Asked to talk about one more he said: “I will tell you about two. I like them both. Compass Pathways, a London-based company that went public in 2020. They use magic mushrooms and other psychedelics to treat depression – it’s in Phase 3 trials now. We were early investors – it’s a 5x return for me. The third is a famous company that I backed before it was famous – AbCelera, which is working with Eli Lilly on COVID monoclonal antibody treatments.”

George learned about The Hellenic Initiative from Anthony Liveris and John Catsimatides Jr., strong supporters of THI’s New Leaders. “It’s great to bring the Community’s Best and Brightest together. Every year John and I buy a Gala table. We bring our friends – Greeks and non-Greeks – and we love what we do.”

He wants to see New Leaders in the Diaspora connect with the young entrepreneurs in Greece. “We should do an event when things open up again.” 

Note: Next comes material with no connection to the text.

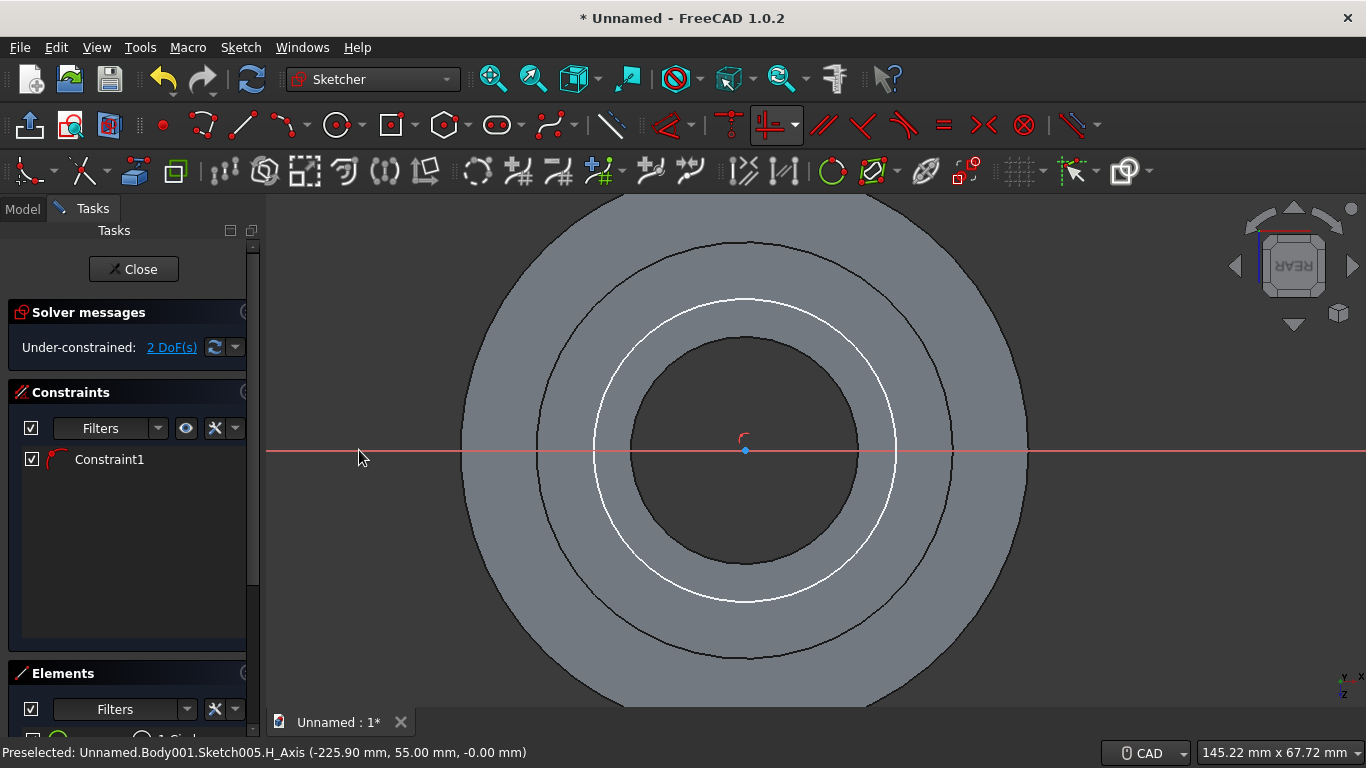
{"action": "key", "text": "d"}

And George has thought about how to make Greece a high tech power given that individual Greeks are high tech superstars. “I think the Mitsotakis’ administration is helping to do that. I have been following the work of the relevant minister, Christos Demas, and the entrepreneurship hub that he is starting to build – it could become the Greek Silicon Valley.”

The hub is one key element – a dedicated location. Tax reforms – “Mitsotakis is on that” – is the second. The third piece is investment from funds. “The scene is growing in Greece,” he said, “but the key is getting American funds to join us with a sleeve for investing in Greece – and I am prepared to do that. Right now we mange $500 million. We can have a sleeve, with the help of the government and other investors, dedicate some of the capital to companies in Greece.” 

And Greece-Israel-Cyprus can be a powerful high tech hub. “I go to Tel Aviv annually. Most investors in my fund are Jewish, and we have talked about it: “Let’s combine Athens and Tel Aviv – they are close enough, with similar people.”